From the website,, I am going to read a list of ‘mom-isms.’ (1) ‘Mom-isms’ are things that moms say or have said.

They will appear on the screen and after I read each of them, I will ask for a show of hands (from moms only) to indicate if they have ever said them. Okay? Here we go…

(2) All I do is follow you around, picking up after you like some maid. (2A) Answer me when I ask you a question! (2B) Beds are NOT made for jumping on.

(3) Are you going out dressed like that? (3A) Did you brush your teeth? (3B) Go play outside! It’s a beautiful day!

(4) Money does NOT grow on trees. (4A) Is your homework finished? (4C) When you have kids of your own you’ll understand.

Finally, (5) You just ate an hour ago! (5A) Who are you going with? Do I know them? (5B) Go ask your father.

Now, doesn’t that feel better?

Have you ever wondered what famous mothers said to their famous children? Here are just a few: (Also from

(6) Abraham Lincoln’s mother was once quoted as saying, "Again with the stovepipe hat, Abe? Can’t you just wear a baseball cap like the other kids?"

(7) There was Batman’s mom, (aka Mrs. Wayne) who was overheard to say after Bruce Wayne (aka) Batman was looking at the Bat mobile, “It’s a nice car, Bruce, but do you realize how much the insurance will be!"

(8) There is even a quote from Goldilocks, mother after her run in with the three bears. "I’ve got a bill here for a busted chair from the bear family. You know anything about this Goldie?"

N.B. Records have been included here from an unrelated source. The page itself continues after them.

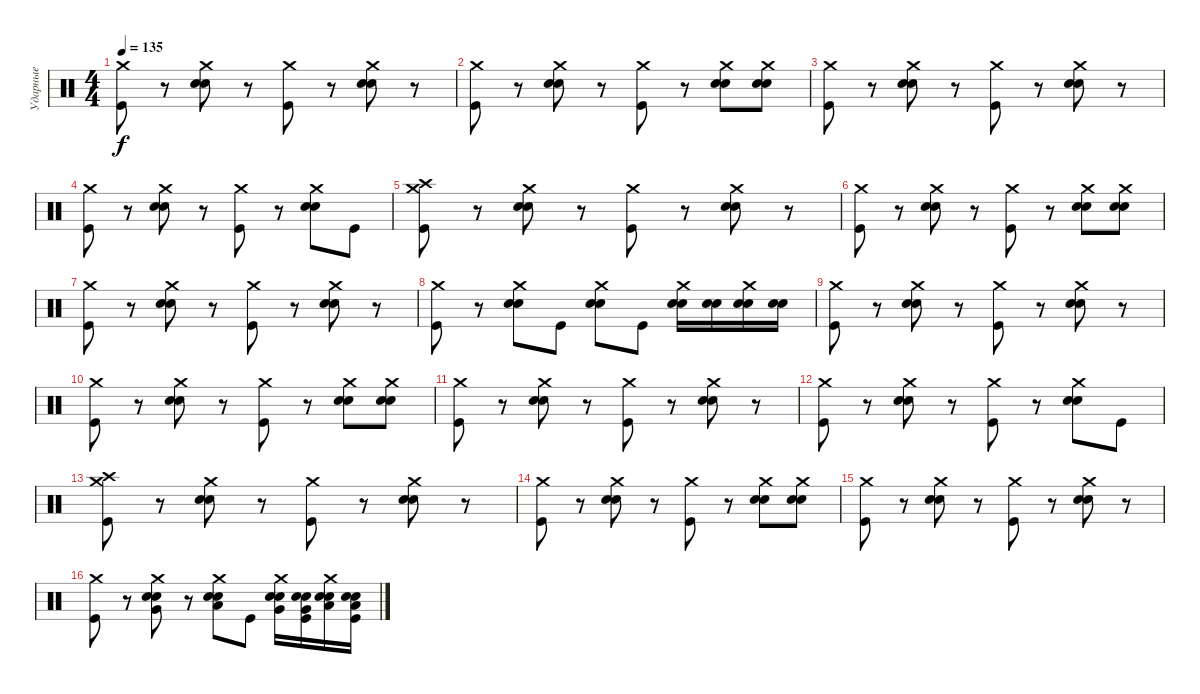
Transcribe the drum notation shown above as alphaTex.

\track ("Ударные" "Ударные") {instrument percussion}
\staff {score}
\articulation defaults
\ts (4 4)
\tempo 135
\clef neutral
\ks c
("Crash medium (hit)" "Kick (hit)").8{dy f} r.8 ("Crash medium (hit)" "Electric Snare (hit)" "Electric Snare (hit)").8 r.8 ("Crash medium (hit)" "Kick (hit)").8 r.8 ("Crash medium (hit)" "Electric Snare (hit)" "Electric Snare (hit)").8 r.8 |
("Crash medium (hit)" "Kick (hit)").8 r.8 ("Crash medium (hit)" "Electric Snare (hit)" "Electric Snare (hit)").8 r.8 ("Crash medium (hit)" "Kick (hit)").8 r.8 ("Crash medium (hit)" "Electric Snare (hit)" "Electric Snare (hit)").8 ("Crash medium (hit)" "Electric Snare (hit)" "Electric Snare (hit)").8 |
("Crash medium (hit)" "Kick (hit)").8 r.8 ("Crash medium (hit)" "Electric Snare (hit)" "Electric Snare (hit)").8 r.8 ("Crash medium (hit)" "Kick (hit)").8 r.8 ("Crash medium (hit)" "Electric Snare (hit)" "Electric Snare (hit)").8 r.8 |
("Crash medium (hit)" "Kick (hit)").8 r.8 ("Crash medium (hit)" "Electric Snare (hit)" "Electric Snare (hit)").8 r.8 ("Crash medium (hit)" "Kick (hit)").8 r.8 ("Crash medium (hit)" "Electric Snare (hit)" "Electric Snare (hit)").8 "Kick (hit)".8 |
("Crash medium (hit)" "Crash high (hit)" "Kick (hit)").8 r.8 ("Crash medium (hit)" "Electric Snare (hit)" "Electric Snare (hit)").8 r.8 ("Crash medium (hit)" "Kick (hit)").8 r.8 ("Crash medium (hit)" "Electric Snare (hit)" "Electric Snare (hit)").8 r.8 |
("Crash medium (hit)" "Kick (hit)").8 r.8 ("Crash medium (hit)" "Electric Snare (hit)" "Electric Snare (hit)").8 r.8 ("Crash medium (hit)" "Kick (hit)").8 r.8 ("Crash medium (hit)" "Electric Snare (hit)" "Electric Snare (hit)").8 ("Crash medium (hit)" "Electric Snare (hit)" "Electric Snare (hit)").8 |
("Crash medium (hit)" "Kick (hit)").8 r.8 ("Crash medium (hit)" "Electric Snare (hit)" "Electric Snare (hit)").8 r.8 ("Crash medium (hit)" "Kick (hit)").8 r.8 ("Crash medium (hit)" "Electric Snare (hit)" "Electric Snare (hit)").8 r.8 |
("Crash medium (hit)" "Kick (hit)").8 r.8 ("Crash medium (hit)" "Electric Snare (hit)" "Electric Snare (hit)").8 "Kick (hit)".8 ("Crash medium (hit)" "Electric Snare (hit)" "Electric Snare (hit)").8 "Kick (hit)".8 ("Crash medium (hit)" "Electric Snare (hit)" "Electric Snare (hit)").16 ("Electric Snare (hit)" "Electric Snare (hit)").16 ("Crash medium (hit)" "Electric Snare (hit)" "Electric Snare (hit)").16 ("Electric Snare (hit)" "Electric Snare (hit)").16 |
("Crash medium (hit)" "Kick (hit)").8 r.8 ("Crash medium (hit)" "Electric Snare (hit)" "Electric Snare (hit)").8 r.8 ("Crash medium (hit)" "Kick (hit)").8 r.8 ("Crash medium (hit)" "Electric Snare (hit)" "Electric Snare (hit)").8 r.8 |
("Crash medium (hit)" "Kick (hit)").8 r.8 ("Crash medium (hit)" "Electric Snare (hit)" "Electric Snare (hit)").8 r.8 ("Crash medium (hit)" "Kick (hit)").8 r.8 ("Crash medium (hit)" "Electric Snare (hit)" "Electric Snare (hit)").8 ("Crash medium (hit)" "Electric Snare (hit)" "Electric Snare (hit)").8 |
("Crash medium (hit)" "Kick (hit)").8 r.8 ("Crash medium (hit)" "Electric Snare (hit)" "Electric Snare (hit)").8 r.8 ("Crash medium (hit)" "Kick (hit)").8 r.8 ("Crash medium (hit)" "Electric Snare (hit)" "Electric Snare (hit)").8 r.8 |
("Crash medium (hit)" "Kick (hit)").8 r.8 ("Crash medium (hit)" "Electric Snare (hit)" "Electric Snare (hit)").8 r.8 ("Crash medium (hit)" "Kick (hit)").8 r.8 ("Crash medium (hit)" "Electric Snare (hit)" "Electric Snare (hit)").8 "Kick (hit)".8 |
("Crash medium (hit)" "Crash high (hit)" "Kick (hit)").8 r.8 ("Crash medium (hit)" "Electric Snare (hit)" "Electric Snare (hit)").8 r.8 ("Crash medium (hit)" "Kick (hit)").8 r.8 ("Crash medium (hit)" "Electric Snare (hit)" "Electric Snare (hit)").8 r.8 |
("Crash medium (hit)" "Kick (hit)").8 r.8 ("Crash medium (hit)" "Electric Snare (hit)" "Electric Snare (hit)").8 r.8 ("Crash medium (hit)" "Kick (hit)").8 r.8 ("Crash medium (hit)" "Electric Snare (hit)" "Electric Snare (hit)").8 ("Crash medium (hit)" "Electric Snare (hit)" "Electric Snare (hit)").8 |
("Crash medium (hit)" "Kick (hit)").8 r.8 ("Crash medium (hit)" "Electric Snare (hit)" "Electric Snare (hit)").8 r.8 ("Crash medium (hit)" "Kick (hit)").8 r.8 ("Crash medium (hit)" "Electric Snare (hit)" "Electric Snare (hit)").8 r.8 |
("Crash medium (hit)" "Kick (hit)").8 r.8 ("Crash medium (hit)" "Electric Snare (hit)" "Electric Snare (hit)" "Very Low Tom (hit)").8 r.8 ("Crash medium (hit)" "Electric Snare (hit)" "Electric Snare (hit)" "Low Floor Tom (hit)").8 "Kick (hit)".8 ("Crash medium (hit)" "Electric Snare (hit)" "Electric Snare (hit)" "Very Low Tom (hit)").16 ("Electric Snare (hit)" "Electric Snare (hit)" "Very Low Tom (hit)" "Kick (hit)").16 ("Crash medium (hit)" "Electric Snare (hit)" "Electric Snare (hit)" "Low Floor Tom (hit)").16 ("Electric Snare (hit)" "Electric Snare (hit)" "Low Floor Tom (hit)" "Kick (hit)").16

(9) Even the great Albert Einstein could not escape his mother’s attention one day when she said, “But, Albert, it’s your senior picture. Can’t you do something about your hair? Styling gel, mousse, something....?"

(10) There was Jonah, yes that Jonah, whose mom was heard to say, "That’s a nice story, but now tell me where you’ve really been for the past 3 days!"

(11) Finally, mothers of great inventors have been known to keep their inventive siblings on earth. Mothers like Thomas Edison’s mom who said to him after he told her about the light bulb. "Of course I’m proud that you invented the electric light bulb, dear. Now turn off that light and get to bed!"

Finally, in keeping with the title of my sermon, here are a few lessons learned by others from their mom. (I shared some of these a few years ago, but these are new lessons that have been learned.)

(12) My mother taught me about (12A) WEATHER. "This room of yours looks like a tornado went through it." (12B) My mother taught me about BEHAVIOR MODIFICATION. "Stop acting like your father!"

(13) My mother taught me about ENVY.

"There are millions of children in this world who don’t have wonderful parents like you do." (13A) My mother taught me about GENETICS. "You’re just like your father."

(14) My mother taught me about WISDOM. (14A) "When you get to be my age, you’ll understand. Finally, my mother taught me about FEAR. (14B)"One day you’ll have a child who’ll do the same things to you."